Gov. Nathan Deal has pushed back his news conference on the DeKalb school board mess to 2:30 today, suggesting that he’s seeking legal guidance on his options in this quagmire.
To recap: On Thursday, a unanimous state Board of Education, under an untested 2010 law, voted to recommend the suspension of six veteran DeKalb school board members. On Friday, a federal judge, while not stopping Deal from suspending the six, prohibited him from replacing them, pending a hearing later this week on the validity of the law.

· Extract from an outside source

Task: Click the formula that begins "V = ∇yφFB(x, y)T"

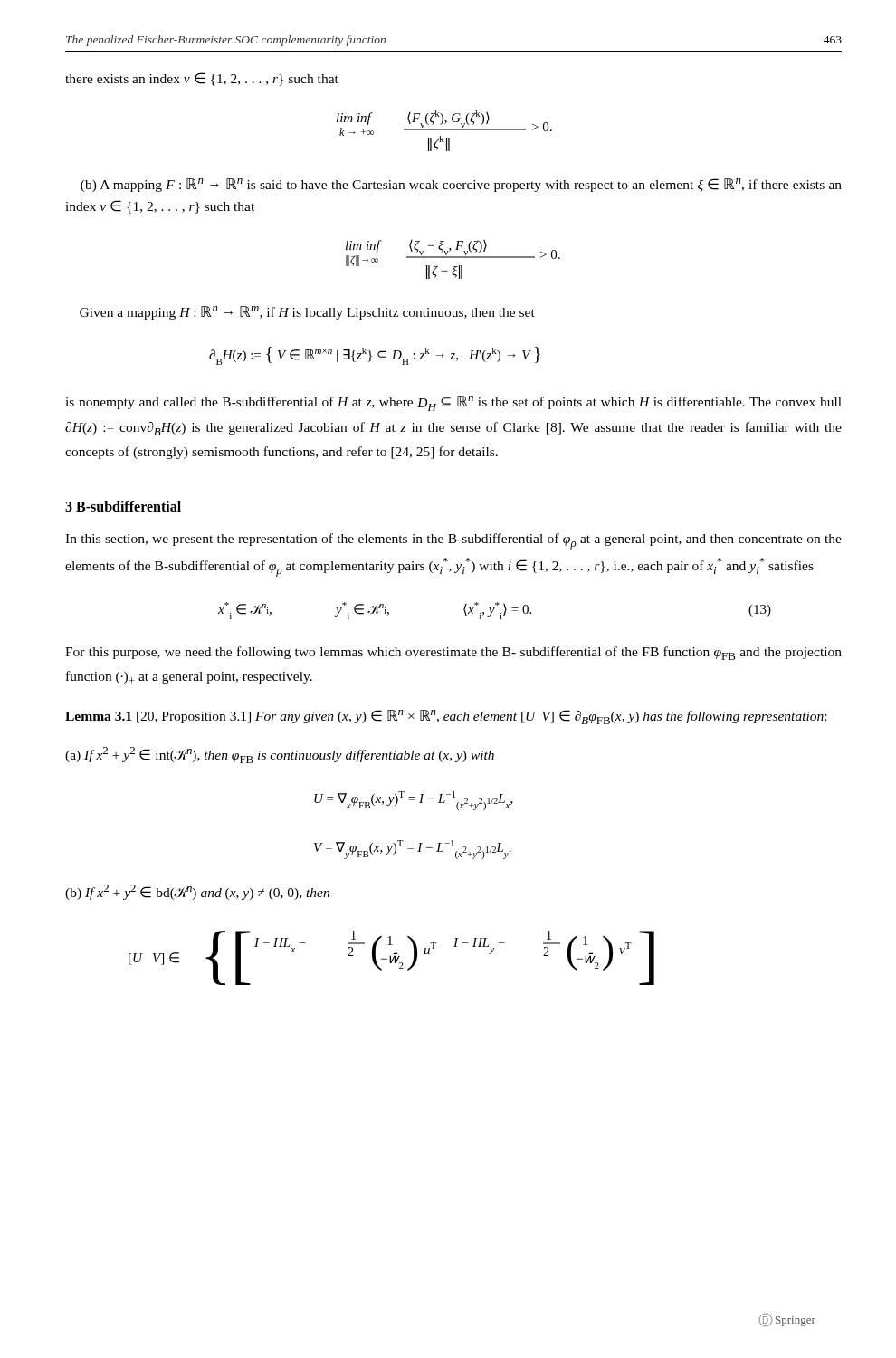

That put Deal in a bind as ousting the members without replacing them creates a worse-case scenario for DeKalb, no closure, no quorum and no chance that new school chief Michael Thurmond can move quickly on whatever plans he has for the district. (And we have yet to see any real plans.)
Protracting this melodrama will only fuel the increasing push by Lakeside to form its own city and Dunwoody to form its own school system. In the end, DeKalb County could be so fragmented as to be unrecognizable. There has been a surge in notices of community meetings and town halls around issues of winning independence from either the county or the school district.
Such discord makes a unified school vision impossible and hampers any real change if parents are more focused on creating an exit strategy rather than a reform one.
Gov. Nathan Deal has not yet made a decision on whether to suspend members of the DeKalb County school board, lawmakers who were briefed by the governor said after emerging from an hourlong meeting Monday.
Members of the DeKalb delegation said the governor was weighing several options, including a compromise that would that would avoid a court battle. Under that plan, the governor’s office would closely monitor the school board’s progress if the legal challenges were abandoned. “We don’t know what he’s going to do,” said state Rep. Scott Holcomb, D-Atlanta.
Here are some possible scenarios for Deal, none of which help DeKalb but do give the governor political points for at least trying.
•If Deal suspends the six members and can’t replace them, he essentially cripples the DeKalb Board of Education which, with only three legitimate board members, would lack the power to do anything.
•To create a quorum, Deal could choose to suspend only four of the six, with the likely two remaining Nancy Jester and Pam Speaks. Then, DeKalb would have a five-member board, which would provide a quorum.
However, Deal would certainly provide even stronger legal ammunition for overturning the law since picking and choosing members to oust supports allegations that the law is arbitrary and capricious. In addition, Deal would then be suspending only African-American board members, which would lay open the racial tensions that this whole process is revealing.
Nobody is clear what the law means when it says the governor has to suspend all “eligible” members. We saw that last week when the state reversed its January position that the governor had to oust all of the DeKalb board members or none of them.
That “all or nothing” explanation was given at the January hearing in response to protests by the three newly elected DeKalb board members that they weren’t even on the board when the district was put on accreditation probation. A month later, the state reversed itself and agreed with the trio, saying Thursday at the state board hearing that the newly elected DeKalb board members were exempted and would retain their seats.
•If Deal doesn’t suspend — which seems highly unlikely to me — he will come under criticism and undermine the state board’s credibility.
Any other feasible scenarios out there today?